A method for producing a positive electrode material for a lithium secondary battery, comprising:
A classifier that sifts the powder by mixing the raw materials, granulating, firing, and crushing if necessary, by pressing the powder against the mesh screen with a blade that rotates at high speed. The manufacturing method of the positive electrode material for lithium secondary batteries characterized by including the process of classifying using. 2. The method for producing a positive electrode material for a lithium secondary battery according to claim 1, wherein the fired powder is a powder having an angle of repose of 50 degrees or more measured by the following measurement method.
[Measurement of repose angle]
(1) Vibrate the standard sieve and feed the powder onto the table through the funnel. However, the sieve frequency is 3600 times / minute, the sieve vibration width is 2 mm, the sieve time is 4 minutes, and the funnel diameter is 8 mm.

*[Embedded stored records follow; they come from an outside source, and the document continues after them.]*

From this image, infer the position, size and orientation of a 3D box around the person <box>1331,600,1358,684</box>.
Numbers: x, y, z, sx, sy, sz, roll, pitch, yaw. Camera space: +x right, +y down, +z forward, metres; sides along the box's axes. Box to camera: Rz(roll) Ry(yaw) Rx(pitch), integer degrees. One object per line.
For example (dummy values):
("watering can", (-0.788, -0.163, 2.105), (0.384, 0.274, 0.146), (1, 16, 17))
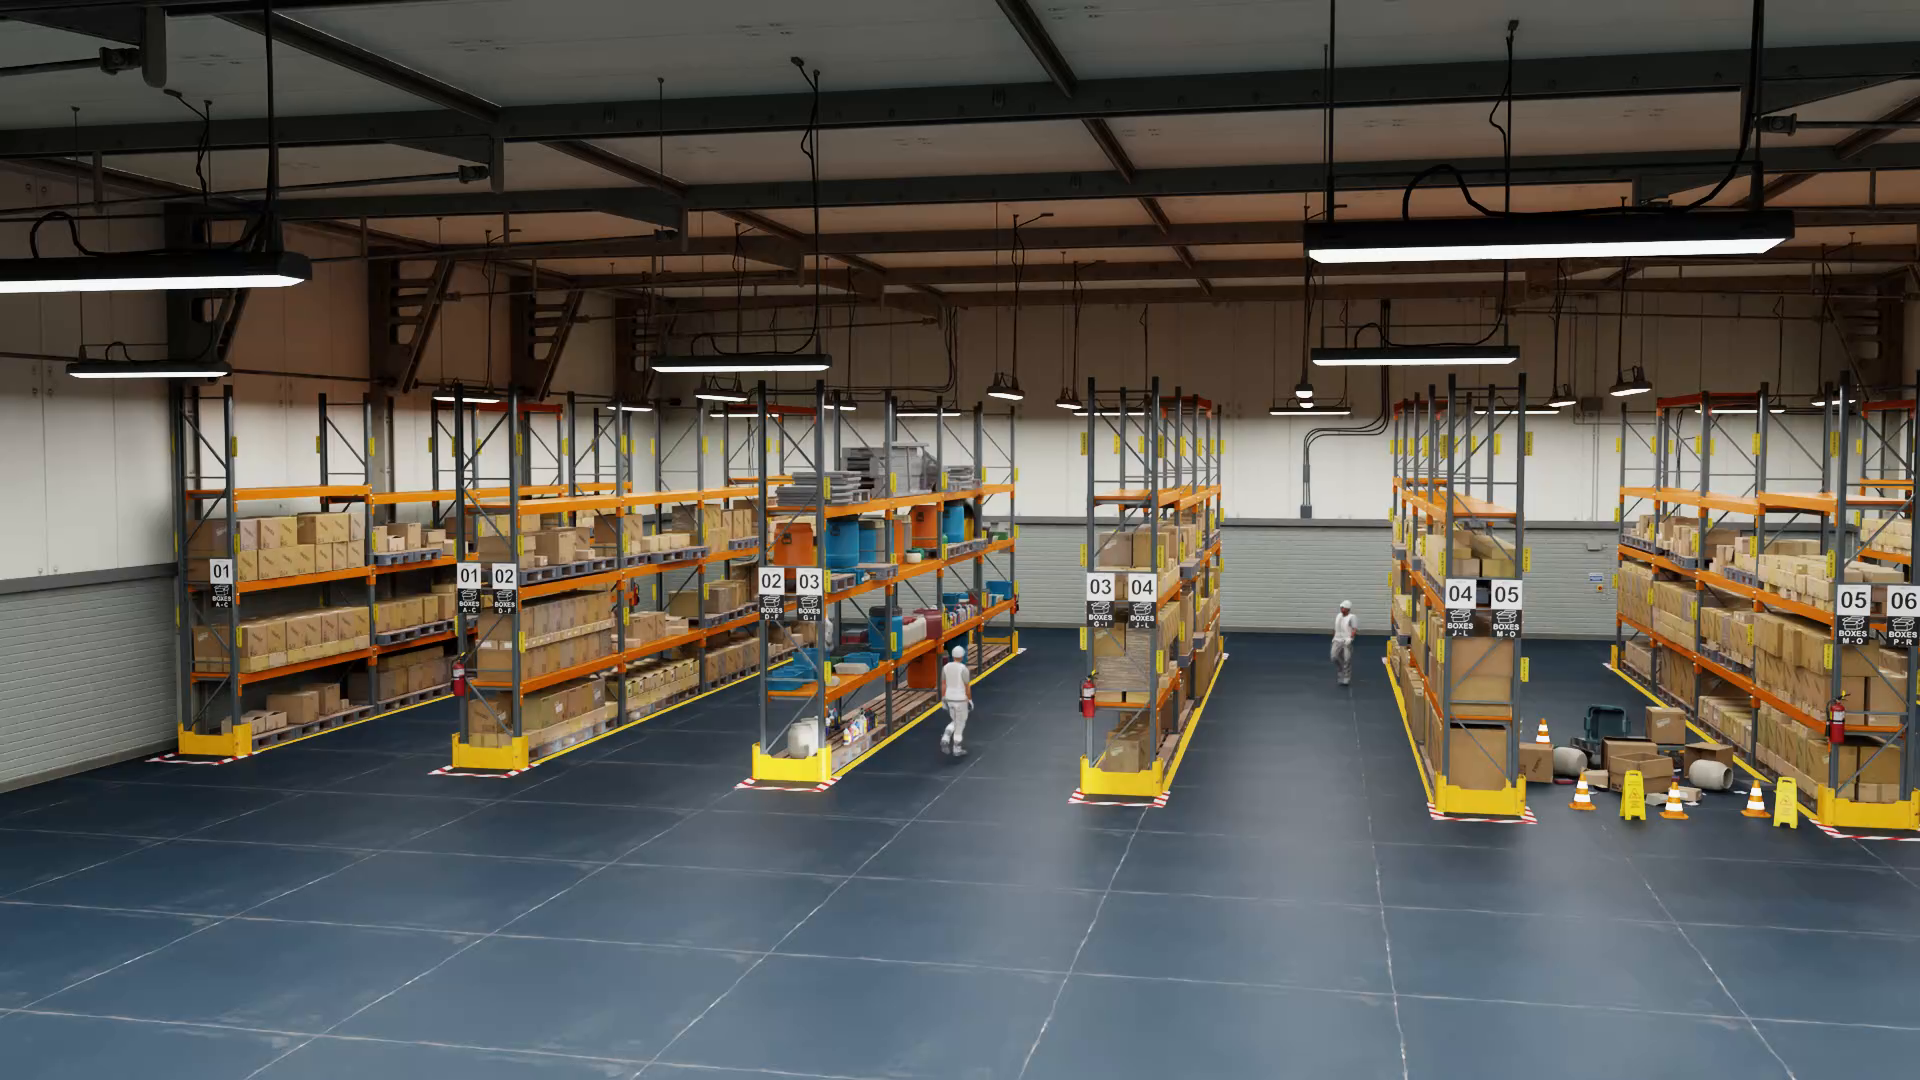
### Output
("person", (8.062, 2.164, 34.997), (0.613, 1.785, 0.707), (2, 4, 29))

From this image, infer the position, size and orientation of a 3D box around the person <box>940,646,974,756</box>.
("person", (-0.058, 2.592, 26.794), (0.497, 1.784, 0.540), (-3, 4, -43))

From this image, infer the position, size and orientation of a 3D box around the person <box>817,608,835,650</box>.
("person", (-2.767, 2.163, 34.929), (0.532, 1.692, 0.536), (2, 4, 29))

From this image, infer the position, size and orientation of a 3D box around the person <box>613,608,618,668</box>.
("person", (-7.147, 2.270, 34.791), (0.428, 1.717, 0.624), (-1, 3, -23))

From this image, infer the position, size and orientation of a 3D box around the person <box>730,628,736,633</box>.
("person", (-5.648, 1.792, 41.462), (0.428, 1.763, 0.645), (0, 3, 8))

(2) The angle of repose of the powder is measured. However, the measurement is performed using an angle calculation method (least square method) using a semiconductor laser (wavelength 670 nm) displacement sensor, and the minimum reading resolution is 0.1 degree. The said positive electrode material has a composition represented by following formula (II), The manufacturing method of the positive electrode material for lithium secondary batteries of Claim 1 or Claim 2 characterized by the above-mentioned.

(In the formula (II),
Q is at least one selected from the group consisting of Fe, Cr, V, Ti, Cu, Ga, Bi, Sn, Zn, Mg, Ge, Nb, Ta, Be, Ca, Sc, Al, B, and Zr. Represents the element of the species,
x represents a number of 0.7 ≦ x ≦ 1.3;
a represents a number of 0.2 ≦ a ≦ 0.8;
b represents a number of 0.2 ≦ b ≦ 0.8;
c represents a number of 0.15 ≦ c ≦ 0.4;
d represents a number 0 ≦ d ≦ 0.4, provided that a + b + c + d = 1;
δ represents a number of −0.1 <δ <0.1. ) A tap density (after passing through 1 mm) of the fired powder before the classification treatment is A,
When the tap density of the positive electrode material after the classification treatment is B,
(B / A)> = 1.05, The manufacturing method of the positive electrode material for lithium secondary batteries as described in any one of Claims 1-3 characterized by the above-mentioned. The median diameter (after passing through 1 mm) of the calcined powder before the classification treatment is C,
When the median diameter of the positive electrode material after the classification treatment is D,
(D / C) <= 0.8, The manufacturing method of the positive electrode material for lithium secondary batteries as described in any one of Claims 1-4 characterized by the above-mentioned. It manufactures with the manufacturing method of the positive electrode material for lithium secondary batteries as described in any one of Claims 1-5, The positive electrode material for lithium secondary batteries characterized by the above-mentioned. A positive electrode used in a lithium secondary battery,
A positive electrode for a lithium secondary battery, comprising the positive electrode material for a lithium secondary battery according to claim 6. A lithium secondary battery comprising a positive and negative electrodes capable of inserting and extracting lithium, and an organic electrolyte containing a lithium salt as an electrolyte,
The lithium secondary battery, wherein the positive electrode is a positive electrode for a lithium secondary battery according to claim 7.